Excerpts from a dataset
------------------------------------
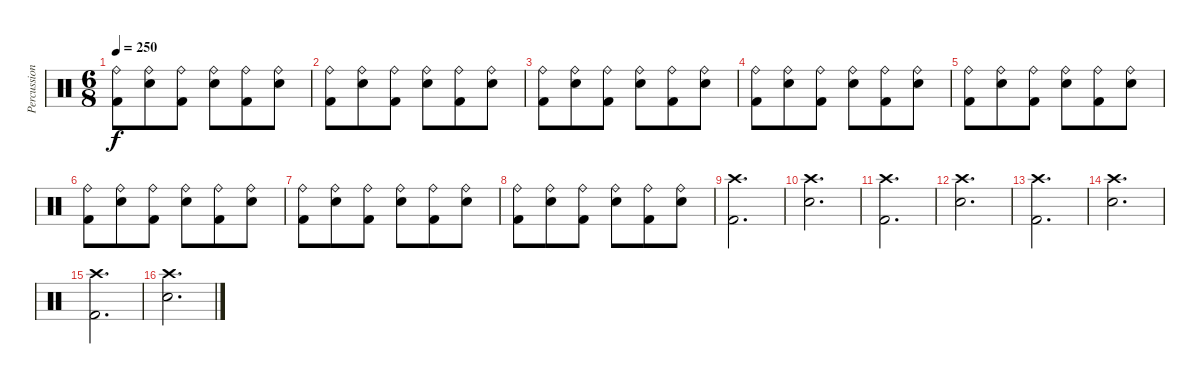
\track ("Percussion" "Percussion") {instrument percussion}
\staff {score}
\articulation defaults
\ts (6 8)
\tempo 250
\clef neutral
\ks c
("Ride (bell)" "Kick (hit) 2").8{dy f} ("Ride (bell)" "Electric Snare (hit)").8 ("Ride (bell)" "Kick (hit) 2").8 ("Ride (bell)" "Electric Snare (hit)").8 ("Ride (bell)" "Kick (hit) 2").8 ("Ride (bell)" "Electric Snare (hit)").8 |
("Ride (bell)" "Kick (hit) 2").8 ("Ride (bell)" "Electric Snare (hit)").8 ("Ride (bell)" "Kick (hit) 2").8 ("Ride (bell)" "Electric Snare (hit)").8 ("Ride (bell)" "Kick (hit) 2").8 ("Ride (bell)" "Electric Snare (hit)").8 |
("Ride (bell)" "Kick (hit) 2").8 ("Ride (bell)" "Electric Snare (hit)").8 ("Ride (bell)" "Kick (hit) 2").8 ("Ride (bell)" "Electric Snare (hit)").8 ("Ride (bell)" "Kick (hit) 2").8 ("Ride (bell)" "Electric Snare (hit)").8 |
("Ride (bell)" "Kick (hit) 2").8 ("Ride (bell)" "Electric Snare (hit)").8 ("Ride (bell)" "Kick (hit) 2").8 ("Ride (bell)" "Electric Snare (hit)").8 ("Ride (bell)" "Kick (hit) 2").8 ("Ride (bell)" "Electric Snare (hit)").8 |
("Ride (bell)" "Kick (hit) 2").8 ("Ride (bell)" "Electric Snare (hit)").8 ("Ride (bell)" "Kick (hit) 2").8 ("Ride (bell)" "Electric Snare (hit)").8 ("Ride (bell)" "Kick (hit) 2").8 ("Ride (bell)" "Electric Snare (hit)").8 |
("Ride (bell)" "Kick (hit) 2").8 ("Ride (bell)" "Electric Snare (hit)").8 ("Ride (bell)" "Kick (hit) 2").8 ("Ride (bell)" "Electric Snare (hit)").8 ("Ride (bell)" "Kick (hit) 2").8 ("Ride (bell)" "Electric Snare (hit)").8 |
("Ride (bell)" "Kick (hit) 2").8 ("Ride (bell)" "Electric Snare (hit)").8 ("Ride (bell)" "Kick (hit) 2").8 ("Ride (bell)" "Electric Snare (hit)").8 ("Ride (bell)" "Kick (hit) 2").8 ("Ride (bell)" "Electric Snare (hit)").8 |
("Ride (bell)" "Kick (hit) 2").8 ("Ride (bell)" "Electric Snare (hit)").8 ("Ride (bell)" "Kick (hit) 2").8 ("Ride (bell)" "Electric Snare (hit)").8 ("Ride (bell)" "Kick (hit) 2").8 ("Ride (bell)" "Electric Snare (hit)").8 |
("Crash high (hit)" "Kick (hit) 2").2{d} |
("Crash high (hit)" "Electric Snare (hit)").2{d} |
("Crash high (hit)" "Kick (hit) 2").2{d} |
("Crash high (hit)" "Electric Snare (hit)").2{d} |
("Crash high (hit)" "Kick (hit) 2").2{d} |
("Crash high (hit)" "Electric Snare (hit)").2{d} |
("Crash high (hit)" "Kick (hit) 2").2{d} |
("Crash high (hit)" "Electric Snare (hit)").2{d}
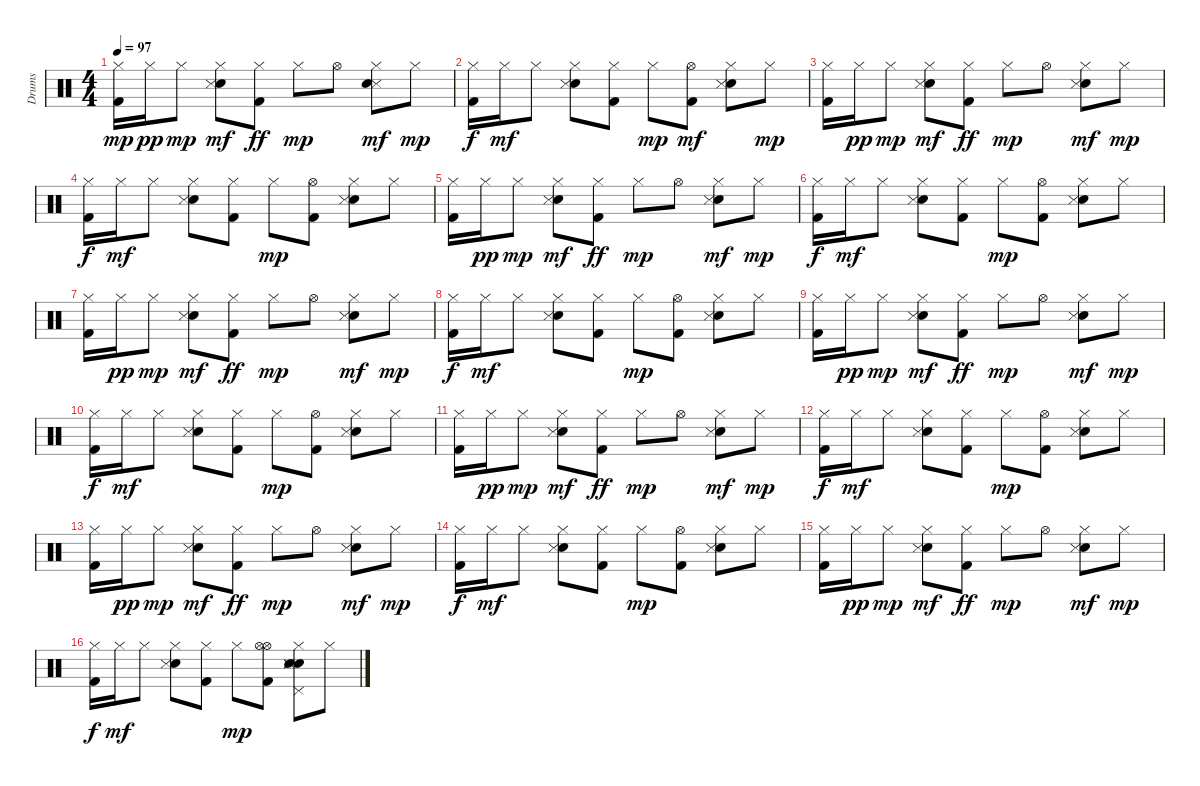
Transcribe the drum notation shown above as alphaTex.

\track ("Drums" "Drums") {instrument percussion}
\staff {score}
\articulation defaults
\ts (4 4)
\tempo 97
\clef neutral
\ks c
("Kick (hit) 2" "Hi-Hat (closed)").16{dy mp} "Hi-Hat (closed)".16{dy pp} "Hi-Hat (closed)".8{dy mp} ("Hand Clap (hit)" "Hi-Hat (closed)" "Snare (side stick) 3").8{dy mf} ("Hi-Hat (closed)" "Kick (hit) 2").8{dy ff} "Hi-Hat (closed)".8{dy mp} "Hi-Hat (open)".8 ("Hi-Hat (closed)" "Snare (side stick) 3" "Hand Clap (hit)").8{dy mf} "Hi-Hat (closed)".8{dy mp} |
("Kick (hit) 2" "Hi-Hat (closed)").16{dy f} "Hi-Hat (closed)".16{dy mf} "Hi-Hat (closed)".8 ("Hand Clap (hit)" "Snare (side stick) 3" "Hi-Hat (closed)").8 ("Hi-Hat (closed)" "Kick (hit) 2").8 "Hi-Hat (closed)".8{dy mp} ("Hi-Hat (open)" "Kick (hit) 2").8{dy mf} ("Hand Clap (hit)" "Snare (side stick) 3" "Hi-Hat (closed)").8 "Hi-Hat (closed)".8{dy mp} |
("Hi-Hat (closed)" "Kick (hit) 2").16 "Hi-Hat (closed)".16{dy pp} "Hi-Hat (closed)".8{dy mp} ("Hi-Hat (closed)" "Hand Clap (hit)" "Snare (side stick) 3").8{dy mf} ("Hi-Hat (closed)" "Kick (hit) 2").8{dy ff} "Hi-Hat (closed)".8{dy mp} "Hi-Hat (open)".8 ("Hi-Hat (closed)" "Hand Clap (hit)" "Snare (side stick) 3").8{dy mf} "Hi-Hat (closed)".8{dy mp} |
("Hi-Hat (closed)" "Kick (hit) 2").16{dy f} "Hi-Hat (closed)".16{dy mf} "Hi-Hat (closed)".8 ("Hi-Hat (closed)" "Hand Clap (hit)" "Snare (side stick) 3").8 ("Hi-Hat (closed)" "Kick (hit) 2").8 "Hi-Hat (closed)".8{dy mp} ("Kick (hit) 2" "Hi-Hat (open)").8 ("Hi-Hat (closed)" "Hand Clap (hit)" "Snare (side stick) 3").8 "Hi-Hat (closed)".8 |
("Hi-Hat (closed)" "Kick (hit) 2").16 "Hi-Hat (closed)".16{dy pp} "Hi-Hat (closed)".8{dy mp} ("Hi-Hat (closed)" "Hand Clap (hit)" "Snare (side stick) 3").8{dy mf} ("Hi-Hat (closed)" "Kick (hit) 2").8{dy ff} "Hi-Hat (closed)".8{dy mp} "Hi-Hat (open)".8 ("Hi-Hat (closed)" "Hand Clap (hit)" "Snare (side stick) 3").8{dy mf} "Hi-Hat (closed)".8{dy mp} |
("Hi-Hat (closed)" "Kick (hit) 2").16{dy f} "Hi-Hat (closed)".16{dy mf} "Hi-Hat (closed)".8 ("Hi-Hat (closed)" "Hand Clap (hit)" "Snare (side stick) 3").8 ("Hi-Hat (closed)" "Kick (hit) 2").8 "Hi-Hat (closed)".8{dy mp} ("Kick (hit) 2" "Hi-Hat (open)").8 ("Hi-Hat (closed)" "Hand Clap (hit)" "Snare (side stick) 3").8 "Hi-Hat (closed)".8 |
("Hi-Hat (closed)" "Kick (hit) 2").16 "Hi-Hat (closed)".16{dy pp} "Hi-Hat (closed)".8{dy mp} ("Hi-Hat (closed)" "Hand Clap (hit)" "Snare (side stick) 3").8{dy mf} ("Hi-Hat (closed)" "Kick (hit) 2").8{dy ff} "Hi-Hat (closed)".8{dy mp} "Hi-Hat (open)".8 ("Hi-Hat (closed)" "Hand Clap (hit)" "Snare (side stick) 3").8{dy mf} "Hi-Hat (closed)".8{dy mp} |
("Hi-Hat (closed)" "Kick (hit) 2").16{dy f} "Hi-Hat (closed)".16{dy mf} "Hi-Hat (closed)".8 ("Hi-Hat (closed)" "Hand Clap (hit)" "Snare (side stick) 3").8 ("Hi-Hat (closed)" "Kick (hit) 2").8 "Hi-Hat (closed)".8{dy mp} ("Kick (hit) 2" "Hi-Hat (open)").8 ("Hi-Hat (closed)" "Hand Clap (hit)" "Snare (side stick) 3").8 "Hi-Hat (closed)".8 |
("Hi-Hat (closed)" "Kick (hit) 2").16 "Hi-Hat (closed)".16{dy pp} "Hi-Hat (closed)".8{dy mp} ("Hi-Hat (closed)" "Hand Clap (hit)" "Snare (side stick) 3").8{dy mf} ("Hi-Hat (closed)" "Kick (hit) 2").8{dy ff} "Hi-Hat (closed)".8{dy mp} "Hi-Hat (open)".8 ("Hi-Hat (closed)" "Hand Clap (hit)" "Snare (side stick) 3").8{dy mf} "Hi-Hat (closed)".8{dy mp} |
("Hi-Hat (closed)" "Kick (hit) 2").16{dy f} "Hi-Hat (closed)".16{dy mf} "Hi-Hat (closed)".8 ("Hi-Hat (closed)" "Hand Clap (hit)" "Snare (side stick) 3").8 ("Hi-Hat (closed)" "Kick (hit) 2").8 "Hi-Hat (closed)".8{dy mp} ("Kick (hit) 2" "Hi-Hat (open)").8 ("Hi-Hat (closed)" "Hand Clap (hit)" "Snare (side stick) 3").8 "Hi-Hat (closed)".8 |
("Hi-Hat (closed)" "Kick (hit) 2").16 "Hi-Hat (closed)".16{dy pp} "Hi-Hat (closed)".8{dy mp} ("Hi-Hat (closed)" "Hand Clap (hit)" "Snare (side stick) 3").8{dy mf} ("Hi-Hat (closed)" "Kick (hit) 2").8{dy ff} "Hi-Hat (closed)".8{dy mp} "Hi-Hat (open)".8 ("Hi-Hat (closed)" "Hand Clap (hit)" "Snare (side stick) 3").8{dy mf} "Hi-Hat (closed)".8{dy mp} |
("Hi-Hat (closed)" "Kick (hit) 2").16{dy f} "Hi-Hat (closed)".16{dy mf} "Hi-Hat (closed)".8 ("Hi-Hat (closed)" "Hand Clap (hit)" "Snare (side stick) 3").8 ("Hi-Hat (closed)" "Kick (hit) 2").8 "Hi-Hat (closed)".8{dy mp} ("Kick (hit) 2" "Hi-Hat (open)").8 ("Hi-Hat (closed)" "Hand Clap (hit)" "Snare (side stick) 3").8 "Hi-Hat (closed)".8 |
("Hi-Hat (closed)" "Kick (hit) 2").16 "Hi-Hat (closed)".16{dy pp} "Hi-Hat (closed)".8{dy mp} ("Hi-Hat (closed)" "Hand Clap (hit)" "Snare (side stick) 3").8{dy mf} ("Hi-Hat (closed)" "Kick (hit) 2").8{dy ff} "Hi-Hat (closed)".8{dy mp} "Hi-Hat (open)".8 ("Hi-Hat (closed)" "Hand Clap (hit)" "Snare (side stick) 3").8{dy mf} "Hi-Hat (closed)".8{dy mp} |
("Hi-Hat (closed)" "Kick (hit) 2").16{dy f} "Hi-Hat (closed)".16{dy mf} "Hi-Hat (closed)".8 ("Hi-Hat (closed)" "Hand Clap (hit)" "Snare (side stick) 3").8 ("Hi-Hat (closed)" "Kick (hit) 2").8 "Hi-Hat (closed)".8{dy mp} ("Kick (hit) 2" "Hi-Hat (open)").8 ("Hi-Hat (closed)" "Hand Clap (hit)" "Snare (side stick) 3").8 "Hi-Hat (closed)".8 |
("Hi-Hat (closed)" "Kick (hit) 2").16 "Hi-Hat (closed)".16{dy pp} "Hi-Hat (closed)".8{dy mp} ("Hi-Hat (closed)" "Hand Clap (hit)" "Snare (side stick) 3").8{dy mf} ("Hi-Hat (closed)" "Kick (hit) 2").8{dy ff} "Hi-Hat (closed)".8{dy mp} "Hi-Hat (open)".8 ("Hi-Hat (closed)" "Hand Clap (hit)" "Snare (side stick) 3").8{dy mf} "Hi-Hat (closed)".8{dy mp} |
("Hi-Hat (closed)" "Kick (hit) 2").16{dy f} "Hi-Hat (closed)".16{dy mf} "Hi-Hat (closed)".8 ("Hi-Hat (closed)" "Hand Clap (hit)" "Snare (side stick) 3").8 ("Hi-Hat (closed)" "Kick (hit) 2").8 "Hi-Hat (closed)".8{dy mp} ("Kick (hit) 2" "Hi-Hat (open)" "Hi-Hat (open)").8 ("Hi-Hat (closed)" "Hand Clap (hit)" "Snare (side stick) 3" "Hand Clap (hit)" "Pedal Hi-Hat (hit)" "Snare (side stick) 3").8 "Hi-Hat (closed)".8
------------------------------------
- What is needed
Give the number of lines in the records where the word "instrument" occurs, and add nothing.

- Problem solution
2